What you need to do ::
All lines from the first line of the material up to and including the line with "20. pallet [1352,718,1623,892]" must be copied exactly, and no others.

Records supplied ::
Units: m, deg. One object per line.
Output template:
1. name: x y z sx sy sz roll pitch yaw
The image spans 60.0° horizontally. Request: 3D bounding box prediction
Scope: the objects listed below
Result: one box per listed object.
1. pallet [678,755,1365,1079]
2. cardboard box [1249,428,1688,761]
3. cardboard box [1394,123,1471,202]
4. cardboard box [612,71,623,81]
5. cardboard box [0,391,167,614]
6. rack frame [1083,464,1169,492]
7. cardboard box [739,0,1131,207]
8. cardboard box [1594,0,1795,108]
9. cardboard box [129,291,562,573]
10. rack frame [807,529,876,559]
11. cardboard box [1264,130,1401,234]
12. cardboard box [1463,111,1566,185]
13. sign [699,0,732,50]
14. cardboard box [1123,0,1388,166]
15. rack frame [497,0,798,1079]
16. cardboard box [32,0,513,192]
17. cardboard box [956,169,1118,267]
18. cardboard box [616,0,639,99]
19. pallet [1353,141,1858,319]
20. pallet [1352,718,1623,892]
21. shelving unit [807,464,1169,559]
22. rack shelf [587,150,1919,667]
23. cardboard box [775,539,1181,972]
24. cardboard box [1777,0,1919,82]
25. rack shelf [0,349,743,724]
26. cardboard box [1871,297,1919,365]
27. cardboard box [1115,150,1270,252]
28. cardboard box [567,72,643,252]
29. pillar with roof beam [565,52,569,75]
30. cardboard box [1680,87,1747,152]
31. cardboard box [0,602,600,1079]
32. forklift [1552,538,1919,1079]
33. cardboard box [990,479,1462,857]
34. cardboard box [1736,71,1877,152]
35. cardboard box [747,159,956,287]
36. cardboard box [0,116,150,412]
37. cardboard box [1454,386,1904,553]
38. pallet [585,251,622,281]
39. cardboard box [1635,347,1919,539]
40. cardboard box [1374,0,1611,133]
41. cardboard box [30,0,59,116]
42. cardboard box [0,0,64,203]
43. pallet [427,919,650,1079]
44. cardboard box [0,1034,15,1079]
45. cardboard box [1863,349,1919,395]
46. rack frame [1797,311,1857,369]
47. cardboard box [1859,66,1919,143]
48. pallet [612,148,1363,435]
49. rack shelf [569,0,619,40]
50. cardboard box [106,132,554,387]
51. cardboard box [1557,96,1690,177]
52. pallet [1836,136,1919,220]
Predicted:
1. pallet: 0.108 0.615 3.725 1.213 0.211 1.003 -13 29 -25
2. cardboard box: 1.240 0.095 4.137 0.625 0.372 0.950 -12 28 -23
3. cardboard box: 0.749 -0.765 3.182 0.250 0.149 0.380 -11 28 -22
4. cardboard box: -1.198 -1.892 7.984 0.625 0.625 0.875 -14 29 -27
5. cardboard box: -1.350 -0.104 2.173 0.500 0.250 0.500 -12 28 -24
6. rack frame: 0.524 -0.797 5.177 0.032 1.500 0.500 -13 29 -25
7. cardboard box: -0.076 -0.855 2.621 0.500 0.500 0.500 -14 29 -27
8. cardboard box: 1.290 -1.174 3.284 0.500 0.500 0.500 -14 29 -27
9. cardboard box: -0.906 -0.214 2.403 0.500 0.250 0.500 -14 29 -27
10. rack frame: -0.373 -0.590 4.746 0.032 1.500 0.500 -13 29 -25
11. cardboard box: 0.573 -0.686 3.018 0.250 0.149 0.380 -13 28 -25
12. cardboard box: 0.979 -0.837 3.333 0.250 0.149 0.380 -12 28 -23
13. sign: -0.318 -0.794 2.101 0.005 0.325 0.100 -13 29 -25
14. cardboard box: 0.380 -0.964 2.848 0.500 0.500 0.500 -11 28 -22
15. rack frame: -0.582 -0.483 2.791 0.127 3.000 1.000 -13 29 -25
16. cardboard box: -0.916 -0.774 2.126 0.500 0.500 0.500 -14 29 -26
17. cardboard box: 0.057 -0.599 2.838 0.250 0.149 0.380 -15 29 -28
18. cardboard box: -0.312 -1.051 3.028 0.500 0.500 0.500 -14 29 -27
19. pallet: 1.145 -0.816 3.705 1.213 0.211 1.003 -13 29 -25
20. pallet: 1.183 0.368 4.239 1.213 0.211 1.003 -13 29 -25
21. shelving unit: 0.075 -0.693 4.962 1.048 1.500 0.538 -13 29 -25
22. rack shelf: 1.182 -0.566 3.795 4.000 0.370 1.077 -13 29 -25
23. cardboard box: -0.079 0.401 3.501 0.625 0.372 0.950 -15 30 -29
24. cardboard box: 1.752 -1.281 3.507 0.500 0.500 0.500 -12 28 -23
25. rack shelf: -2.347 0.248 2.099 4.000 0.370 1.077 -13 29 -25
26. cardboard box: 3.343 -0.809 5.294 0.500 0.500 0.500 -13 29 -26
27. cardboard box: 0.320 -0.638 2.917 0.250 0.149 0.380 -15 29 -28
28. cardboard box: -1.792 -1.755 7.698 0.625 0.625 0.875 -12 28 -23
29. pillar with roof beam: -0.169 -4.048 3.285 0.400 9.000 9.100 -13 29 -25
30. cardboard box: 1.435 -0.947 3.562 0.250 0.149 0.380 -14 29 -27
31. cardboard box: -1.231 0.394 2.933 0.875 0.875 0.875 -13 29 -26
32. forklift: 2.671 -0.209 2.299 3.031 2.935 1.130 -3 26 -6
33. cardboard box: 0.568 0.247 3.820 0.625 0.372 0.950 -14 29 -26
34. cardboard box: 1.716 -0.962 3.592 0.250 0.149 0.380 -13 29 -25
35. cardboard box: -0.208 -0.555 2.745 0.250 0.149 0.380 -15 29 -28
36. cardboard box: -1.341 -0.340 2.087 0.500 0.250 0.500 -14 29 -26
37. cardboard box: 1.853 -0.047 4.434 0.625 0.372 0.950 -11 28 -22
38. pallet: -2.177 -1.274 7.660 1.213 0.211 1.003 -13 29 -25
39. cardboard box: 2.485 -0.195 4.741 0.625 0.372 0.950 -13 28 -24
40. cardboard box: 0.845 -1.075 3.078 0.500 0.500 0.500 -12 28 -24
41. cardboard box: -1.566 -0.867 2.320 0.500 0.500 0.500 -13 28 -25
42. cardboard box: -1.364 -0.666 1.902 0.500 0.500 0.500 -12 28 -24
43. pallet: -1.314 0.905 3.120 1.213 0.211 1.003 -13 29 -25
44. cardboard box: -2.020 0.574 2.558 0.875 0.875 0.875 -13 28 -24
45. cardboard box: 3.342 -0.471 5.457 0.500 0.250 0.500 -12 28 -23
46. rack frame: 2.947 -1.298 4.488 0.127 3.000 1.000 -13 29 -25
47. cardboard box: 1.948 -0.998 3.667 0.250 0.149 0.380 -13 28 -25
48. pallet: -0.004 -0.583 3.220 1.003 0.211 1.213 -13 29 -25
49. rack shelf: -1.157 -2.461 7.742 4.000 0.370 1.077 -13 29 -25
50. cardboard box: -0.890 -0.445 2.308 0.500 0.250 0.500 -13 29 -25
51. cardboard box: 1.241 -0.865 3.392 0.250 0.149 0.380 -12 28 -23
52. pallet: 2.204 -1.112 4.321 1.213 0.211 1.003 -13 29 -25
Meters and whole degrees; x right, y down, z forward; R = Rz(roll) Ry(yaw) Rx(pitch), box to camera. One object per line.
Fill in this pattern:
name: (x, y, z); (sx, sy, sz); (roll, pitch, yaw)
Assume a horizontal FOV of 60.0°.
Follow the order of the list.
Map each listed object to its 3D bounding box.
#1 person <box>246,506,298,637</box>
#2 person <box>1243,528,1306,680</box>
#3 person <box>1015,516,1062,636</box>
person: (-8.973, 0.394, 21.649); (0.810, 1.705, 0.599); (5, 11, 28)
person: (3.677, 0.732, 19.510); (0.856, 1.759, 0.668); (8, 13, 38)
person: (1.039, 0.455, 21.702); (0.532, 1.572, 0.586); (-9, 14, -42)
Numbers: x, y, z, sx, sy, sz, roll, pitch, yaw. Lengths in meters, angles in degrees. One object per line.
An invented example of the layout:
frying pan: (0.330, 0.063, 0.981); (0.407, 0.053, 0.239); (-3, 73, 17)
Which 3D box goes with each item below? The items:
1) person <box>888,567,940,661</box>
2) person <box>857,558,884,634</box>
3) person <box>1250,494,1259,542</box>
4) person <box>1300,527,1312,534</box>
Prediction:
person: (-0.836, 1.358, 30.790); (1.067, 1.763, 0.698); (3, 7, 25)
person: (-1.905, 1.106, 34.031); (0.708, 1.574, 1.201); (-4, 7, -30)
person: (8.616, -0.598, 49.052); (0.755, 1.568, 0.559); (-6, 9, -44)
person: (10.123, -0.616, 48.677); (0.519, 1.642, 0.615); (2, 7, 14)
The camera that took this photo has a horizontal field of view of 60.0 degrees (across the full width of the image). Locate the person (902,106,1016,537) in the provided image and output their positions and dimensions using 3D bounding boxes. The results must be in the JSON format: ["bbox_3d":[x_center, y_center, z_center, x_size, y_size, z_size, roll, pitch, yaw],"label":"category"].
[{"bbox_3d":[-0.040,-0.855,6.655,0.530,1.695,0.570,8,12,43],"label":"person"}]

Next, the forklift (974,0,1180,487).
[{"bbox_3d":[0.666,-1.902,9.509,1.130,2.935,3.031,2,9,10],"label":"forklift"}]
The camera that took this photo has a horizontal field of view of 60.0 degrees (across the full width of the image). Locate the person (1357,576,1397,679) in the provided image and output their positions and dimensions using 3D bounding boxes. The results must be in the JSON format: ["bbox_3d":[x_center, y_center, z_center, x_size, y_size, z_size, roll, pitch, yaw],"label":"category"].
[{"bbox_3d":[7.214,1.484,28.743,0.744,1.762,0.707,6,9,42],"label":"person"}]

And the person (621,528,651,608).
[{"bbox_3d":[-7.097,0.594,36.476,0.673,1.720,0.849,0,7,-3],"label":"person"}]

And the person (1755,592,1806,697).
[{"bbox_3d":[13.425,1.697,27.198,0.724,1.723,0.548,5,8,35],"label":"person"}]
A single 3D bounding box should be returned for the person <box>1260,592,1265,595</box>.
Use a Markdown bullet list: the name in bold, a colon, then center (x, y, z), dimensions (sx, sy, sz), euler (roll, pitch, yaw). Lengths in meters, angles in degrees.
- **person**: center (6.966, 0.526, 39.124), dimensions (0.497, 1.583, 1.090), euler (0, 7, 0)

Reply to the exercise ::
Units: m, deg. One object per line.
Output template:
1. name: x y z sx sy sz roll pitch yaw
The image spans 60.0° horizontally. Request: 3D bounding box prediction
Scope: the objects listed below
Result: one box per listed object.
1. pallet [678,755,1365,1079]
2. cardboard box [1249,428,1688,761]
3. cardboard box [1394,123,1471,202]
4. cardboard box [612,71,623,81]
5. cardboard box [0,391,167,614]
6. rack frame [1083,464,1169,492]
7. cardboard box [739,0,1131,207]
8. cardboard box [1594,0,1795,108]
9. cardboard box [129,291,562,573]
10. rack frame [807,529,876,559]
11. cardboard box [1264,130,1401,234]
12. cardboard box [1463,111,1566,185]
13. sign [699,0,732,50]
14. cardboard box [1123,0,1388,166]
15. rack frame [497,0,798,1079]
16. cardboard box [32,0,513,192]
17. cardboard box [956,169,1118,267]
18. cardboard box [616,0,639,99]
19. pallet [1353,141,1858,319]
20. pallet [1352,718,1623,892]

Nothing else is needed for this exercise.